Segment Start: Material for this task

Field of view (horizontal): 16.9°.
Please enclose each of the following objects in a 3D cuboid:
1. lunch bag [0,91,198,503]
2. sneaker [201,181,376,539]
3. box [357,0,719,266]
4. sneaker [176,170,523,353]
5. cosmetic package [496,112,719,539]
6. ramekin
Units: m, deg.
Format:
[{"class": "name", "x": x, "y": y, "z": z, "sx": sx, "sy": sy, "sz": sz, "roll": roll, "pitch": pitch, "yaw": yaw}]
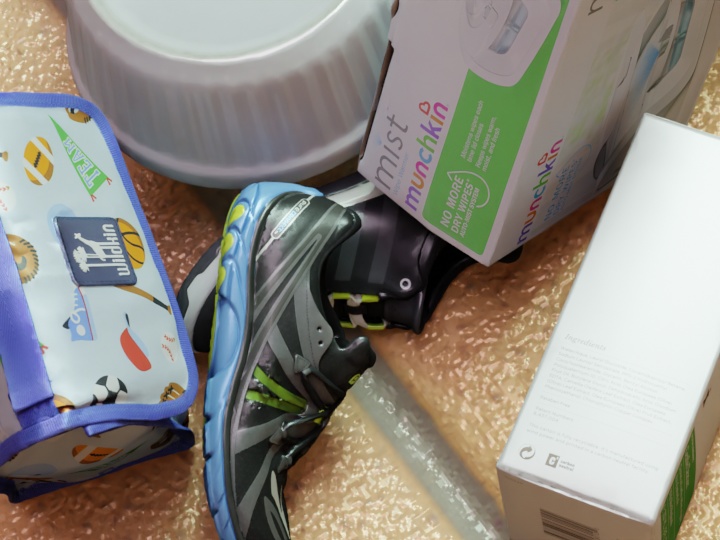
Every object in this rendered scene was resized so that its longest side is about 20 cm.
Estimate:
[{"class": "lunch bag", "x": -0.153, "y": 0.013, "z": 1.172, "sx": 0.123, "sy": 0.200, "sz": 0.171, "roll": -19, "pitch": 79, "yaw": -1}, {"class": "sneaker", "x": -0.035, "y": 0.058, "z": 1.193, "sx": 0.082, "sy": 0.071, "sz": 0.201, "roll": 6, "pitch": 92, "yaw": -2}, {"class": "box", "x": 0.103, "y": -0.132, "z": 1.193, "sx": 0.097, "sy": 0.201, "sz": 0.176, "roll": 37, "pitch": 43, "yaw": 22}, {"class": "sneaker", "x": 0.000, "y": 0.000, "z": 1.248, "sx": 0.199, "sy": 0.072, "sz": 0.083, "roll": -28, "pitch": 65, "yaw": -6}, {"class": "cosmetic package", "x": 0.141, "y": 0.040, "z": 1.190, "sx": 0.084, "sy": 0.108, "sz": 0.201, "roll": 19, "pitch": 70, "yaw": 16}, {"class": "ramekin", "x": -0.059, "y": -0.150, "z": 1.232, "sx": 0.201, "sy": 0.094, "sz": 0.203, "roll": -3, "pitch": 64, "yaw": 7}]
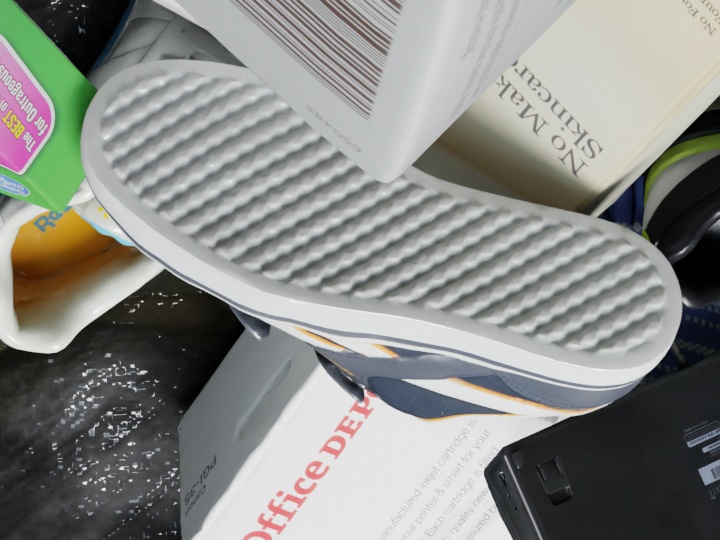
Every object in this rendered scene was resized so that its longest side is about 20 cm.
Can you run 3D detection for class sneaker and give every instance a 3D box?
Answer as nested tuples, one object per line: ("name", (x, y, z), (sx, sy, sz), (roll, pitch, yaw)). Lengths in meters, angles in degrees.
("sneaker", (0.000, 0.000, 0.823), (0.200, 0.078, 0.079), (23, 155, -1))
("sneaker", (0.191, -0.012, 0.877), (0.200, 0.083, 0.072), (-5, 126, 16))
("sneaker", (-0.069, -0.051, 0.904), (0.076, 0.081, 0.200), (29, 118, -24))

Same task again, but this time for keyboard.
("keyboard", (0.120, 0.049, 0.910), (0.200, 0.127, 0.021), (-19, 173, -40))

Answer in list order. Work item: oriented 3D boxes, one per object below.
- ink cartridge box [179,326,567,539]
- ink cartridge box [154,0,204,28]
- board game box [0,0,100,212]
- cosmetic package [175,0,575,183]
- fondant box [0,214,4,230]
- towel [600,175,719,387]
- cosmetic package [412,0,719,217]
("ink cartridge box", (0.047, 0.071, 1.003), (0.200, 0.083, 0.147), (22, 123, -23))
("ink cartridge box", (-0.065, -0.168, 0.780), (0.200, 0.083, 0.147), (27, 95, -25))
("board game box", (-0.186, -0.101, 0.785), (0.040, 0.153, 0.200), (-61, 143, -15))
("cosmetic package", (0.022, -0.164, 0.643), (0.165, 0.200, 0.165), (42, 164, 7))
("fondant box", (-0.221, -0.058, 0.797), (0.200, 0.058, 0.144), (28, 165, 10))
("towel", (0.152, 0.068, 0.952), (0.145, 0.200, 0.024), (15, 153, -29))
("cosmetic package", (0.073, -0.086, 0.824), (0.104, 0.073, 0.200), (48, 147, 6))
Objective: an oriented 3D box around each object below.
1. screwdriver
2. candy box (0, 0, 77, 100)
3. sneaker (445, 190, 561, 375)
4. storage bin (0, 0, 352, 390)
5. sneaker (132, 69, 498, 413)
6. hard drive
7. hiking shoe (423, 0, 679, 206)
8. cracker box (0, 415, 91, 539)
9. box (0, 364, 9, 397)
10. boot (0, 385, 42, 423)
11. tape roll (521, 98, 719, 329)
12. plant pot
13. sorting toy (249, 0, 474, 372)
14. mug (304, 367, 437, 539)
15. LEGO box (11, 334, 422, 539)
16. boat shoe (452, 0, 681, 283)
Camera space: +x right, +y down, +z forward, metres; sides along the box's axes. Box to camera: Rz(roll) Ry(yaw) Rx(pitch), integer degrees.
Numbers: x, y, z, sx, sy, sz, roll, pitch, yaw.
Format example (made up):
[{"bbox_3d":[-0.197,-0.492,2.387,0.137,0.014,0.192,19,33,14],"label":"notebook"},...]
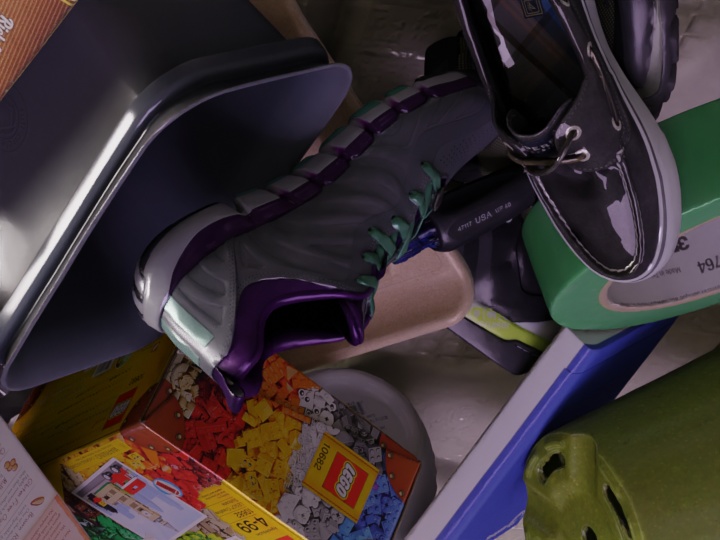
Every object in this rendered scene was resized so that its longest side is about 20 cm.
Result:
[{"bbox_3d":[0.000,0.000,0.985,0.199,0.028,0.029,-29,146,-21],"label":"screwdriver"},{"bbox_3d":[-0.196,-0.102,0.861,0.116,0.057,0.200,37,134,-13],"label":"candy box"},{"bbox_3d":[0.043,-0.023,1.131,0.199,0.072,0.083,35,93,-30],"label":"sneaker"},{"bbox_3d":[-0.113,-0.069,0.948,0.145,0.135,0.200,-19,155,-47],"label":"storage bin"},{"bbox_3d":[0.000,-0.011,0.937,0.199,0.088,0.075,-33,153,-18],"label":"sneaker"},{"bbox_3d":[0.104,0.092,1.210,0.132,0.025,0.201,-22,151,-53],"label":"hard drive"},{"bbox_3d":[0.084,-0.092,1.001,0.100,0.076,0.201,4,147,-15],"label":"hiking shoe"},{"bbox_3d":[-0.228,0.083,1.023,0.133,0.058,0.201,17,150,33],"label":"cracker box"},{"bbox_3d":[-0.253,0.010,1.051,0.158,0.049,0.200,42,153,-15],"label":"box"},{"bbox_3d":[-0.179,0.065,1.227,0.149,0.074,0.201,6,139,-9],"label":"boot"},{"bbox_3d":[0.182,-0.031,1.061,0.199,0.049,0.201,-18,163,-6],"label":"tape roll"},{"bbox_3d":[0.197,0.128,1.172,0.188,0.201,0.201,-14,153,-27],"label":"plant pot"},{"bbox_3d":[-0.061,-0.038,1.049,0.184,0.037,0.201,-18,117,29],"label":"sorting toy"},{"bbox_3d":[-0.050,0.148,1.285,0.198,0.149,0.176,3,137,-18],"label":"mug"},{"bbox_3d":[-0.088,0.110,1.102,0.149,0.078,0.200,37,148,-19],"label":"LEGO box"},{"bbox_3d":[0.085,-0.077,0.928,0.069,0.066,0.202,-5,114,33],"label":"boat shoe"}]
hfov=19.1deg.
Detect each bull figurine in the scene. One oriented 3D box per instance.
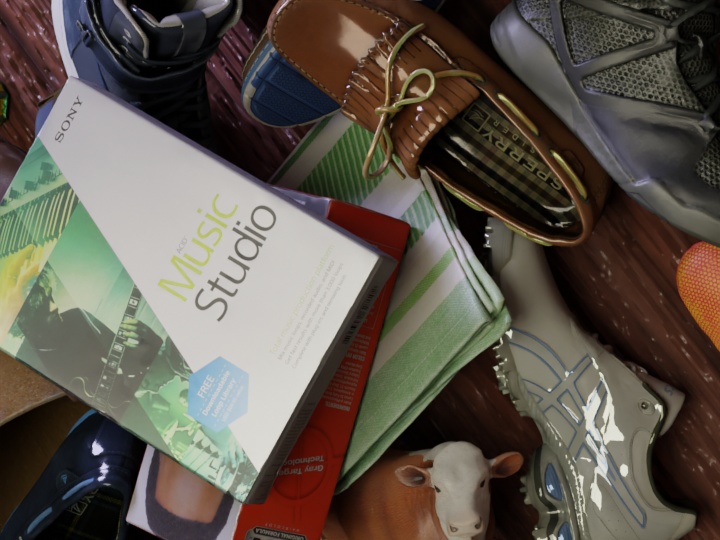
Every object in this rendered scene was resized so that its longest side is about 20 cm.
[{"bbox_3d":[0.030,0.144,1.176,0.200,0.065,0.122,6,104,64],"label":"bull figurine"}]

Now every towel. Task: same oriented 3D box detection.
[{"bbox_3d":[0.000,0.000,1.179,0.153,0.023,0.200,-47,46,28],"label":"towel"}]

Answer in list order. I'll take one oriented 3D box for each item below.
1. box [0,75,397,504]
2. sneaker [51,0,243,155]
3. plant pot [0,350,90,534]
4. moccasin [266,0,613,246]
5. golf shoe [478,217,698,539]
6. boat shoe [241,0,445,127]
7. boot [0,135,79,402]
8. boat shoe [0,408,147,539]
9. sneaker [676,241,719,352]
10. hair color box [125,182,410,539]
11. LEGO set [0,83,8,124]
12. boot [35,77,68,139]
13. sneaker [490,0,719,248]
[{"bbox_3d":[-0.100,0.008,1.102,0.200,0.036,0.145,30,93,18],"label":"box"},{"bbox_3d":[-0.104,-0.087,1.172,0.146,0.077,0.203,-16,95,64],"label":"sneaker"},{"bbox_3d":[-0.234,0.051,1.303,0.186,0.186,0.200,-49,59,27],"label":"plant pot"},{"bbox_3d":[0.038,-0.079,1.111,0.201,0.078,0.074,39,119,-7],"label":"moccasin"},{"bbox_3d":[0.123,0.060,1.149,0.097,0.078,0.201,-15,94,13],"label":"golf shoe"},{"bbox_3d":[0.005,-0.163,1.171,0.200,0.072,0.072,-43,46,14],"label":"boat shoe"},{"bbox_3d":[-0.203,0.029,1.178,0.200,0.064,0.186,37,80,27],"label":"boot"},{"bbox_3d":[-0.177,0.163,1.238,0.084,0.069,0.200,15,127,-8],"label":"boat shoe"},{"bbox_3d":[0.231,0.059,1.068,0.200,0.077,0.073,47,120,18],"label":"sneaker"},{"bbox_3d":[-0.051,0.056,1.153,0.101,0.061,0.201,15,89,51],"label":"hair color box"},{"bbox_3d":[-0.330,-0.129,1.349,0.154,0.116,0.200,-29,83,31],"label":"LEGO set"},{"bbox_3d":[-0.134,-0.034,1.289,0.097,0.075,0.201,-17,88,49],"label":"boot"},{"bbox_3d":[0.163,-0.099,1.083,0.200,0.076,0.114,49,125,21],"label":"sneaker"}]
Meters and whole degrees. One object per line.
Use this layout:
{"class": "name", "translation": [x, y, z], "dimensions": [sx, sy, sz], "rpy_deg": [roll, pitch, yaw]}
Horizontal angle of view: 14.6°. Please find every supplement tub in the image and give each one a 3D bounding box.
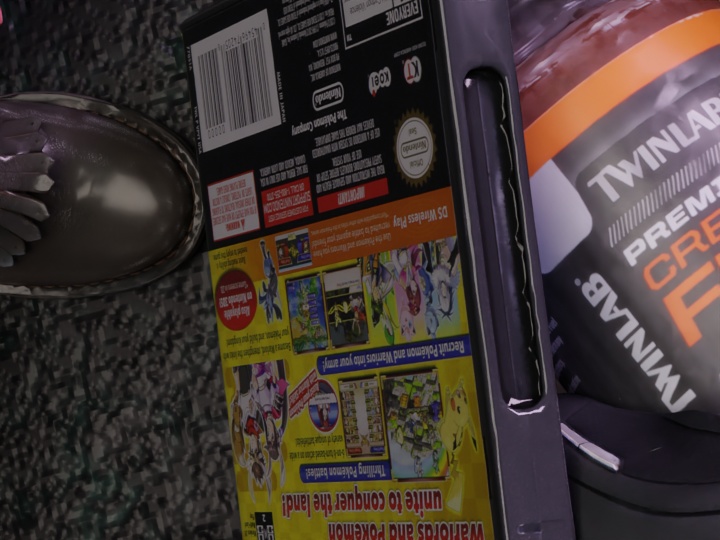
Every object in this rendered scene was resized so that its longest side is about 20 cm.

Segment End: Material for this task

Exercise aim
Copy only this part of the entries above: the line with "3. plant pot [0,350,90,534]", the line with "12. boot [35,77,68,139]", and the lines between, all exactly as written.

Solution
3. plant pot [0,350,90,534]
4. moccasin [266,0,613,246]
5. golf shoe [478,217,698,539]
6. boat shoe [241,0,445,127]
7. boot [0,135,79,402]
8. boat shoe [0,408,147,539]
9. sneaker [676,241,719,352]
10. hair color box [125,182,410,539]
11. LEGO set [0,83,8,124]
12. boot [35,77,68,139]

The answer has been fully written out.